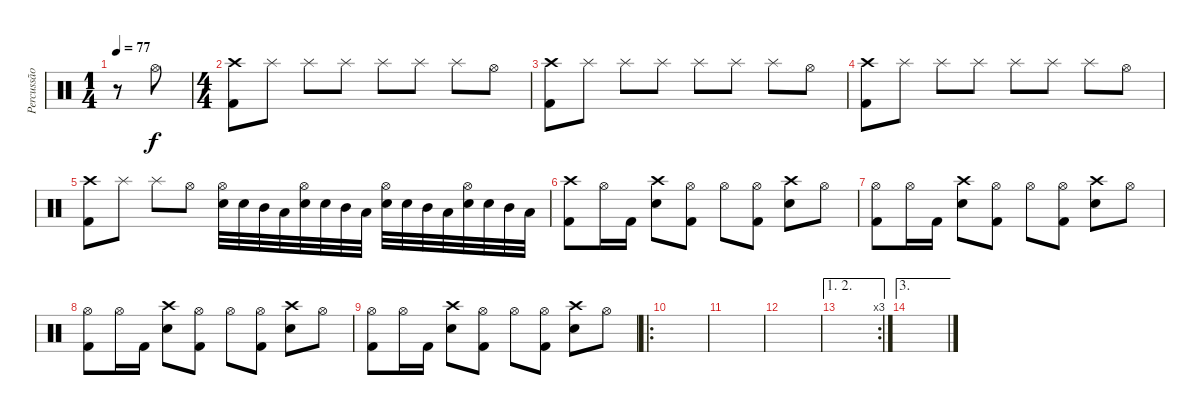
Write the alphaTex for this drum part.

\track ("Percussão" "Percussão") {instrument percussion}
\staff {score}
\articulation defaults
\ts (1 4)
\tempo 77
\clef neutral
\ks c
r.8{dy f} "Hi-Hat (open)".8 |
\ts (4 4)
("Crash high (hit)" "Kick (hit) 2").8 "Splash (hit)".8 "Splash (hit)".8 "Splash (hit)".8 "Splash (hit)".8 "Splash (hit)".8 "Splash (hit)".8 "Hi-Hat (open)".8 |
("Crash high (hit)" "Kick (hit) 2").8 "Splash (hit)".8 "Splash (hit)".8 "Splash (hit)".8 "Splash (hit)".8 "Splash (hit)".8 "Splash (hit)".8 "Hi-Hat (open)".8 |
("Crash high (hit)" "Kick (hit) 2").8 "Splash (hit)".8 "Splash (hit)".8 "Splash (hit)".8 "Splash (hit)".8 "Splash (hit)".8 "Splash (hit)".8 "Hi-Hat (open)".8 |
("Crash high (hit)" "Kick (hit) 2").8 "Splash (hit)".8 "Splash (hit)".8 "Hi-Hat (open)".8 ("Hi-Hat (open)" "Electric Snare (hit)").32 "Electric Snare (hit)".32 "Mid Tom (hit)".32 "Low Tom (hit)".32 ("Hi-Hat (open)" "Electric Snare (hit)").32 "Electric Snare (hit)".32 "Mid Tom (hit)".32 "Low Tom (hit)".32 ("Hi-Hat (open)" "Electric Snare (hit)").32 "Electric Snare (hit)".32 "Mid Tom (hit)".32 "Low Tom (hit)".32 ("Hi-Hat (open)" "Electric Snare (hit)").32 "Electric Snare (hit)".32 "Mid Tom (hit)".32 "Low Tom (hit)".32 |
("Crash high (hit)" "Kick (hit) 2").8 "Hi-Hat (open)".16 "Kick (hit) 2".16 ("Crash high (hit)" "Electric Snare (hit)").8 ("Hi-Hat (open)" "Kick (hit) 2").8 "Hi-Hat (open)".8 ("Hi-Hat (open)" "Kick (hit) 2").8 ("Crash high (hit)" "Electric Snare (hit)").8 "Hi-Hat (open)".8 |
("Hi-Hat (open)" "Kick (hit) 2").8 "Hi-Hat (open)".16 "Kick (hit) 2".16 ("Crash high (hit)" "Electric Snare (hit)").8 ("Hi-Hat (open)" "Kick (hit) 2").8 "Hi-Hat (open)".8 ("Hi-Hat (open)" "Kick (hit) 2").8 ("Crash high (hit)" "Electric Snare (hit)").8 "Hi-Hat (open)".8 |
("Hi-Hat (open)" "Kick (hit) 2").8 "Hi-Hat (open)".16 "Kick (hit) 2".16 ("Crash high (hit)" "Electric Snare (hit)").8 ("Hi-Hat (open)" "Kick (hit) 2").8 "Hi-Hat (open)".8 ("Hi-Hat (open)" "Kick (hit) 2").8 ("Crash high (hit)" "Electric Snare (hit)").8 "Hi-Hat (open)".8 |
("Hi-Hat (open)" "Kick (hit) 2").8 "Hi-Hat (open)".16 "Kick (hit) 2".16 ("Crash high (hit)" "Electric Snare (hit)").8 ("Hi-Hat (open)" "Kick (hit) 2").8 "Hi-Hat (open)".8 ("Hi-Hat (open)" "Kick (hit) 2").8 ("Crash high (hit)" "Electric Snare (hit)").8 "Hi-Hat (open)".8 |
\ro
|
|
|
\ae (1 2)
\rc 3
|
\ae 3

# [Try it]
Transcribe all the lines above exactly; any image among them is skipped.

# [Exercise result]
Write the alphaTex for this drum part.

\track ("Percussão" "Percussão") {instrument percussion}
\staff {score}
\articulation defaults
\ts (1 4)
\tempo 77
\clef neutral
\ks c
r.8{dy f} "Hi-Hat (open)".8 |
\ts (4 4)
("Crash high (hit)" "Kick (hit) 2").8 "Splash (hit)".8 "Splash (hit)".8 "Splash (hit)".8 "Splash (hit)".8 "Splash (hit)".8 "Splash (hit)".8 "Hi-Hat (open)".8 |
("Crash high (hit)" "Kick (hit) 2").8 "Splash (hit)".8 "Splash (hit)".8 "Splash (hit)".8 "Splash (hit)".8 "Splash (hit)".8 "Splash (hit)".8 "Hi-Hat (open)".8 |
("Crash high (hit)" "Kick (hit) 2").8 "Splash (hit)".8 "Splash (hit)".8 "Splash (hit)".8 "Splash (hit)".8 "Splash (hit)".8 "Splash (hit)".8 "Hi-Hat (open)".8 |
("Crash high (hit)" "Kick (hit) 2").8 "Splash (hit)".8 "Splash (hit)".8 "Hi-Hat (open)".8 ("Hi-Hat (open)" "Electric Snare (hit)").32 "Electric Snare (hit)".32 "Mid Tom (hit)".32 "Low Tom (hit)".32 ("Hi-Hat (open)" "Electric Snare (hit)").32 "Electric Snare (hit)".32 "Mid Tom (hit)".32 "Low Tom (hit)".32 ("Hi-Hat (open)" "Electric Snare (hit)").32 "Electric Snare (hit)".32 "Mid Tom (hit)".32 "Low Tom (hit)".32 ("Hi-Hat (open)" "Electric Snare (hit)").32 "Electric Snare (hit)".32 "Mid Tom (hit)".32 "Low Tom (hit)".32 |
("Crash high (hit)" "Kick (hit) 2").8 "Hi-Hat (open)".16 "Kick (hit) 2".16 ("Crash high (hit)" "Electric Snare (hit)").8 ("Hi-Hat (open)" "Kick (hit) 2").8 "Hi-Hat (open)".8 ("Hi-Hat (open)" "Kick (hit) 2").8 ("Crash high (hit)" "Electric Snare (hit)").8 "Hi-Hat (open)".8 |
("Hi-Hat (open)" "Kick (hit) 2").8 "Hi-Hat (open)".16 "Kick (hit) 2".16 ("Crash high (hit)" "Electric Snare (hit)").8 ("Hi-Hat (open)" "Kick (hit) 2").8 "Hi-Hat (open)".8 ("Hi-Hat (open)" "Kick (hit) 2").8 ("Crash high (hit)" "Electric Snare (hit)").8 "Hi-Hat (open)".8 |
("Hi-Hat (open)" "Kick (hit) 2").8 "Hi-Hat (open)".16 "Kick (hit) 2".16 ("Crash high (hit)" "Electric Snare (hit)").8 ("Hi-Hat (open)" "Kick (hit) 2").8 "Hi-Hat (open)".8 ("Hi-Hat (open)" "Kick (hit) 2").8 ("Crash high (hit)" "Electric Snare (hit)").8 "Hi-Hat (open)".8 |
("Hi-Hat (open)" "Kick (hit) 2").8 "Hi-Hat (open)".16 "Kick (hit) 2".16 ("Crash high (hit)" "Electric Snare (hit)").8 ("Hi-Hat (open)" "Kick (hit) 2").8 "Hi-Hat (open)".8 ("Hi-Hat (open)" "Kick (hit) 2").8 ("Crash high (hit)" "Electric Snare (hit)").8 "Hi-Hat (open)".8 |
\ro
|
|
|
\ae (1 2)
\rc 3
|
\ae 3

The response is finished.